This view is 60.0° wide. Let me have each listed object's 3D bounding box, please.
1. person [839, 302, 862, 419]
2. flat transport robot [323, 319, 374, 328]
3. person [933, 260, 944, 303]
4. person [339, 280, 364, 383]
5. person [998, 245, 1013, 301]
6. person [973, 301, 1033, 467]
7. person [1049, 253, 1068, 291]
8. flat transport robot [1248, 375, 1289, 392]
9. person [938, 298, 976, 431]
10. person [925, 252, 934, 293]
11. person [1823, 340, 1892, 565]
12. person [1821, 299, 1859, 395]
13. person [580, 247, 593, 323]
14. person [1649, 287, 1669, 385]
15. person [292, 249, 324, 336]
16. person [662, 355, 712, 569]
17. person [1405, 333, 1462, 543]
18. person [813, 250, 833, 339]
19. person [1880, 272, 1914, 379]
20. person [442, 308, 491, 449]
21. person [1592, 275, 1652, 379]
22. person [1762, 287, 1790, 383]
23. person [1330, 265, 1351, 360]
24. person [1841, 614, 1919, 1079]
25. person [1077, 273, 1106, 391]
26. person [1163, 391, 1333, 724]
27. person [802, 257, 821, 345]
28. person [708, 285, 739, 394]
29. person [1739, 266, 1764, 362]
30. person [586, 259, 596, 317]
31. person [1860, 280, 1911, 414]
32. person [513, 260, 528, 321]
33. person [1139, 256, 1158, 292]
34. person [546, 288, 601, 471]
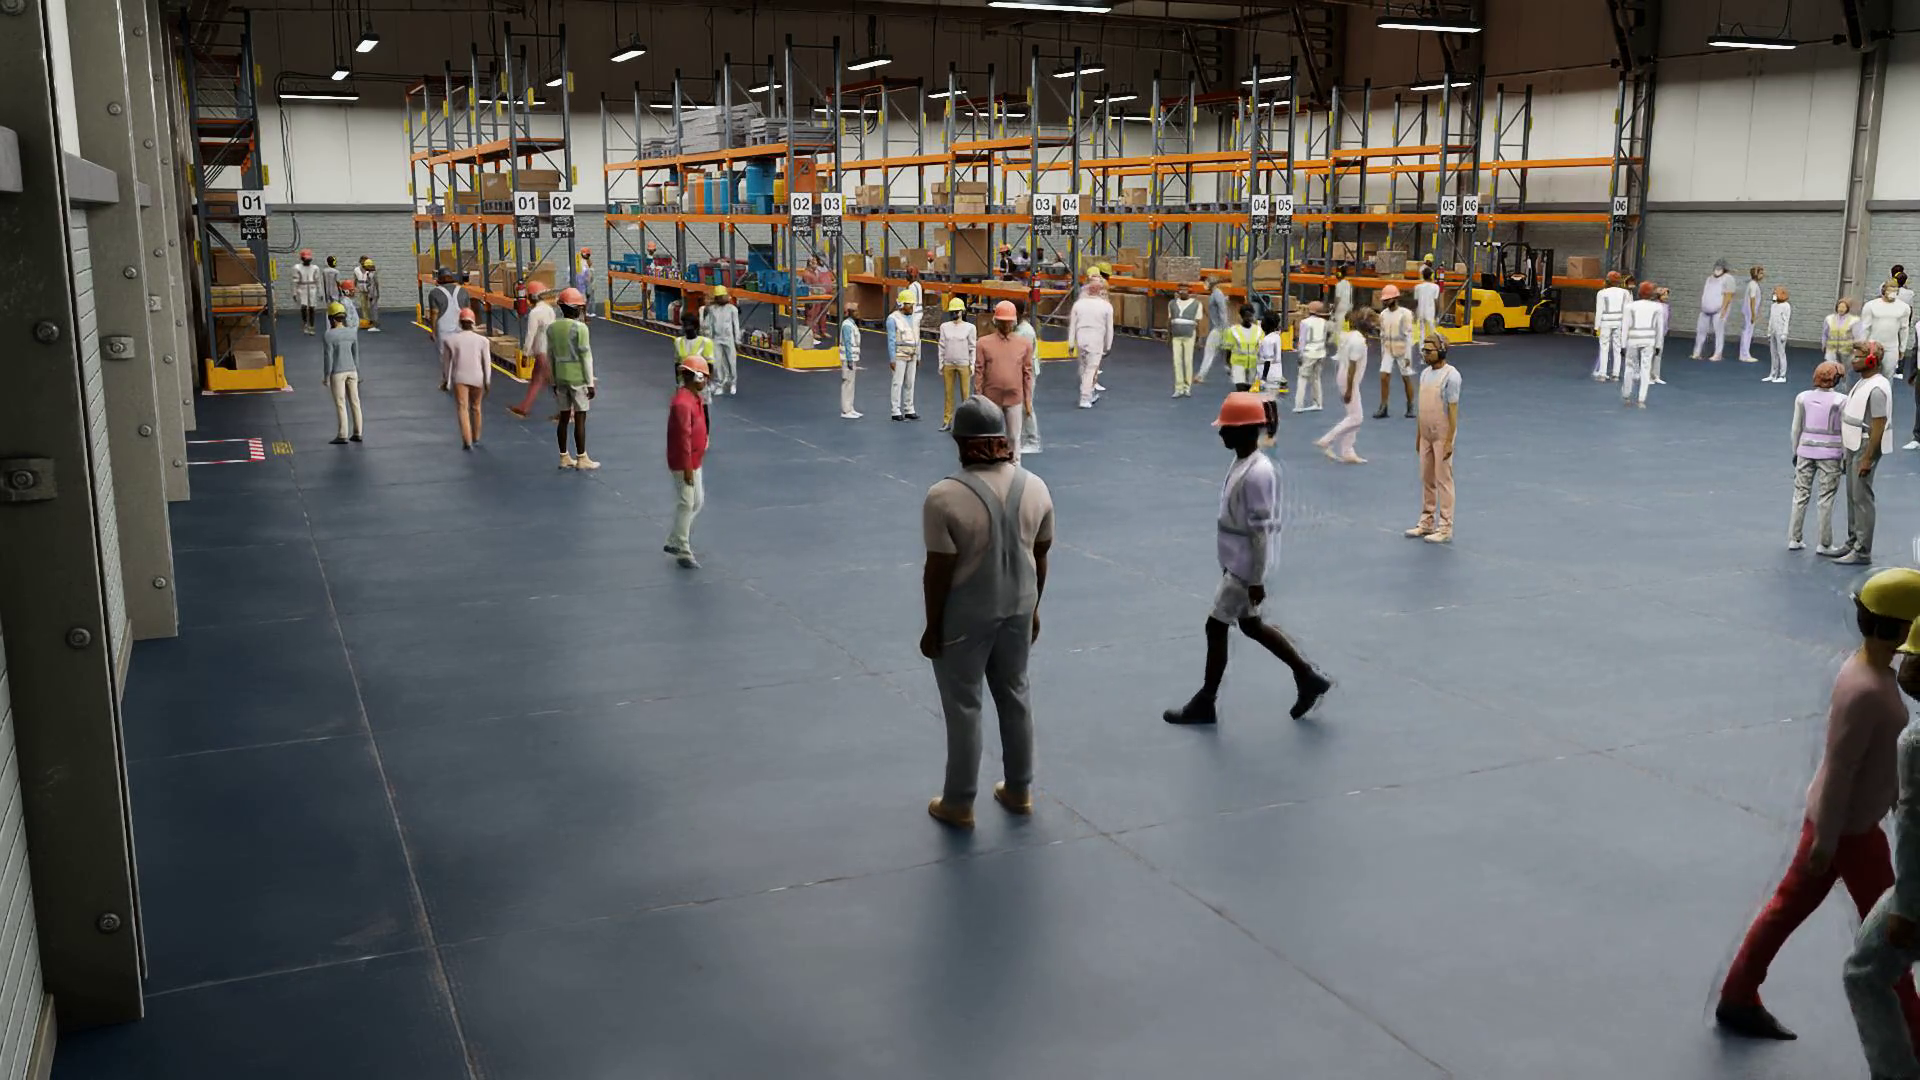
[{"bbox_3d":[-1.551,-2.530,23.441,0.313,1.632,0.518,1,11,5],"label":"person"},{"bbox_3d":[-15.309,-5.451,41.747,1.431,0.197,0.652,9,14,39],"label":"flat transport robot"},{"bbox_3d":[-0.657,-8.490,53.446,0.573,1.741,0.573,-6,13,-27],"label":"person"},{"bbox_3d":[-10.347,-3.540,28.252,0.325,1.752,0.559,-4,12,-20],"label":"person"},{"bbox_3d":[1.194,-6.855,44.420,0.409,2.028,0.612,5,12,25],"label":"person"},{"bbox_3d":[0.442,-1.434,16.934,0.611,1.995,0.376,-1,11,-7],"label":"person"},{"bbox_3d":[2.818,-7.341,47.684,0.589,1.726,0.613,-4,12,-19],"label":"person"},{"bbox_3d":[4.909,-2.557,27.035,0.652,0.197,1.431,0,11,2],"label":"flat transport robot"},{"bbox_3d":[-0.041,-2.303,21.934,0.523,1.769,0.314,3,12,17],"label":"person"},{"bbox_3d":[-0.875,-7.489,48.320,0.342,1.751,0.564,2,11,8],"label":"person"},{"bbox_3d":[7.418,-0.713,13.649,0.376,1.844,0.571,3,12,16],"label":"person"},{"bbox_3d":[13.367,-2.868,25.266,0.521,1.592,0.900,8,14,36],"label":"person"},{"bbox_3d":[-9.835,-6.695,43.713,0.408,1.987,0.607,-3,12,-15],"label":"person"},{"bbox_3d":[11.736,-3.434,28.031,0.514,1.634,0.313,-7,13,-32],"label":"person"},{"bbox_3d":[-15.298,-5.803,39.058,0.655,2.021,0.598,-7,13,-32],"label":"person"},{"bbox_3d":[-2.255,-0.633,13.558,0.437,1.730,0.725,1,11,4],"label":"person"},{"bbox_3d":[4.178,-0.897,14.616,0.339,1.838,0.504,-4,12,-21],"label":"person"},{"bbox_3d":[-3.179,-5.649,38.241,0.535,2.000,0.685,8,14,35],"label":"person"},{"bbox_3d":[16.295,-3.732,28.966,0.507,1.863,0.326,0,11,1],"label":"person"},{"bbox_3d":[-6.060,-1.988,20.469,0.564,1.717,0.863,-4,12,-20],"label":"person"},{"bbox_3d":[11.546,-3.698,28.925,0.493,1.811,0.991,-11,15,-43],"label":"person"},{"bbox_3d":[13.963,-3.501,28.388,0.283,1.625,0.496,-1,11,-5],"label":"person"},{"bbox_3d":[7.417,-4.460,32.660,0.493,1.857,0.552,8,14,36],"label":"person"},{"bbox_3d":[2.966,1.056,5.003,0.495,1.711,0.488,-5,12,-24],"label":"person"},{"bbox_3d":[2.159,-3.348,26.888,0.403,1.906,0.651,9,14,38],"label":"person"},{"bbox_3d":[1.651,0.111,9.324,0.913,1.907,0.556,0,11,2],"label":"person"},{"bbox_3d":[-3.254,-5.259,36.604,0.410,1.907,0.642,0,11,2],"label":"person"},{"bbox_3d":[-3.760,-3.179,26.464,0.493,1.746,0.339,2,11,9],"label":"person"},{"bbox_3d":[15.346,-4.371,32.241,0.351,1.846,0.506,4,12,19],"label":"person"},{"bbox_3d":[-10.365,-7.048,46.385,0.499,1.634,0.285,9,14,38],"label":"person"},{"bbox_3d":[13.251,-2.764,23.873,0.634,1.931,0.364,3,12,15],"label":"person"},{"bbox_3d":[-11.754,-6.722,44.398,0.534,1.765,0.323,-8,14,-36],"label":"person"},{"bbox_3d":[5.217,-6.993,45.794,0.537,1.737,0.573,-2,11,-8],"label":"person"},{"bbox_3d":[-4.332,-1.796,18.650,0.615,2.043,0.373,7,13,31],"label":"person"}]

Your goal: Every line of the data above should be repeated exactly. Omit the pictures.

Your solution:
This view is 60.0° wide. Let me have each listed object's 3D bounding box, please.
1. person [839, 302, 862, 419]
2. flat transport robot [323, 319, 374, 328]
3. person [933, 260, 944, 303]
4. person [339, 280, 364, 383]
5. person [998, 245, 1013, 301]
6. person [973, 301, 1033, 467]
7. person [1049, 253, 1068, 291]
8. flat transport robot [1248, 375, 1289, 392]
9. person [938, 298, 976, 431]
10. person [925, 252, 934, 293]
11. person [1823, 340, 1892, 565]
12. person [1821, 299, 1859, 395]
13. person [580, 247, 593, 323]
14. person [1649, 287, 1669, 385]
15. person [292, 249, 324, 336]
16. person [662, 355, 712, 569]
17. person [1405, 333, 1462, 543]
18. person [813, 250, 833, 339]
19. person [1880, 272, 1914, 379]
20. person [442, 308, 491, 449]
21. person [1592, 275, 1652, 379]
22. person [1762, 287, 1790, 383]
23. person [1330, 265, 1351, 360]
24. person [1841, 614, 1919, 1079]
25. person [1077, 273, 1106, 391]
26. person [1163, 391, 1333, 724]
27. person [802, 257, 821, 345]
28. person [708, 285, 739, 394]
29. person [1739, 266, 1764, 362]
30. person [586, 259, 596, 317]
31. person [1860, 280, 1911, 414]
32. person [513, 260, 528, 321]
33. person [1139, 256, 1158, 292]
34. person [546, 288, 601, 471]
[{"bbox_3d":[-1.551,-2.530,23.441,0.313,1.632,0.518,1,11,5],"label":"person"},{"bbox_3d":[-15.309,-5.451,41.747,1.431,0.197,0.652,9,14,39],"label":"flat transport robot"},{"bbox_3d":[-0.657,-8.490,53.446,0.573,1.741,0.573,-6,13,-27],"label":"person"},{"bbox_3d":[-10.347,-3.540,28.252,0.325,1.752,0.559,-4,12,-20],"label":"person"},{"bbox_3d":[1.194,-6.855,44.420,0.409,2.028,0.612,5,12,25],"label":"person"},{"bbox_3d":[0.442,-1.434,16.934,0.611,1.995,0.376,-1,11,-7],"label":"person"},{"bbox_3d":[2.818,-7.341,47.684,0.589,1.726,0.613,-4,12,-19],"label":"person"},{"bbox_3d":[4.909,-2.557,27.035,0.652,0.197,1.431,0,11,2],"label":"flat transport robot"},{"bbox_3d":[-0.041,-2.303,21.934,0.523,1.769,0.314,3,12,17],"label":"person"},{"bbox_3d":[-0.875,-7.489,48.320,0.342,1.751,0.564,2,11,8],"label":"person"},{"bbox_3d":[7.418,-0.713,13.649,0.376,1.844,0.571,3,12,16],"label":"person"},{"bbox_3d":[13.367,-2.868,25.266,0.521,1.592,0.900,8,14,36],"label":"person"},{"bbox_3d":[-9.835,-6.695,43.713,0.408,1.987,0.607,-3,12,-15],"label":"person"},{"bbox_3d":[11.736,-3.434,28.031,0.514,1.634,0.313,-7,13,-32],"label":"person"},{"bbox_3d":[-15.298,-5.803,39.058,0.655,2.021,0.598,-7,13,-32],"label":"person"},{"bbox_3d":[-2.255,-0.633,13.558,0.437,1.730,0.725,1,11,4],"label":"person"},{"bbox_3d":[4.178,-0.897,14.616,0.339,1.838,0.504,-4,12,-21],"label":"person"},{"bbox_3d":[-3.179,-5.649,38.241,0.535,2.000,0.685,8,14,35],"label":"person"},{"bbox_3d":[16.295,-3.732,28.966,0.507,1.863,0.326,0,11,1],"label":"person"},{"bbox_3d":[-6.060,-1.988,20.469,0.564,1.717,0.863,-4,12,-20],"label":"person"},{"bbox_3d":[11.546,-3.698,28.925,0.493,1.811,0.991,-11,15,-43],"label":"person"},{"bbox_3d":[13.963,-3.501,28.388,0.283,1.625,0.496,-1,11,-5],"label":"person"},{"bbox_3d":[7.417,-4.460,32.660,0.493,1.857,0.552,8,14,36],"label":"person"},{"bbox_3d":[2.966,1.056,5.003,0.495,1.711,0.488,-5,12,-24],"label":"person"},{"bbox_3d":[2.159,-3.348,26.888,0.403,1.906,0.651,9,14,38],"label":"person"},{"bbox_3d":[1.651,0.111,9.324,0.913,1.907,0.556,0,11,2],"label":"person"},{"bbox_3d":[-3.254,-5.259,36.604,0.410,1.907,0.642,0,11,2],"label":"person"},{"bbox_3d":[-3.760,-3.179,26.464,0.493,1.746,0.339,2,11,9],"label":"person"},{"bbox_3d":[15.346,-4.371,32.241,0.351,1.846,0.506,4,12,19],"label":"person"},{"bbox_3d":[-10.365,-7.048,46.385,0.499,1.634,0.285,9,14,38],"label":"person"},{"bbox_3d":[13.251,-2.764,23.873,0.634,1.931,0.364,3,12,15],"label":"person"},{"bbox_3d":[-11.754,-6.722,44.398,0.534,1.765,0.323,-8,14,-36],"label":"person"},{"bbox_3d":[5.217,-6.993,45.794,0.537,1.737,0.573,-2,11,-8],"label":"person"},{"bbox_3d":[-4.332,-1.796,18.650,0.615,2.043,0.373,7,13,31],"label":"person"}]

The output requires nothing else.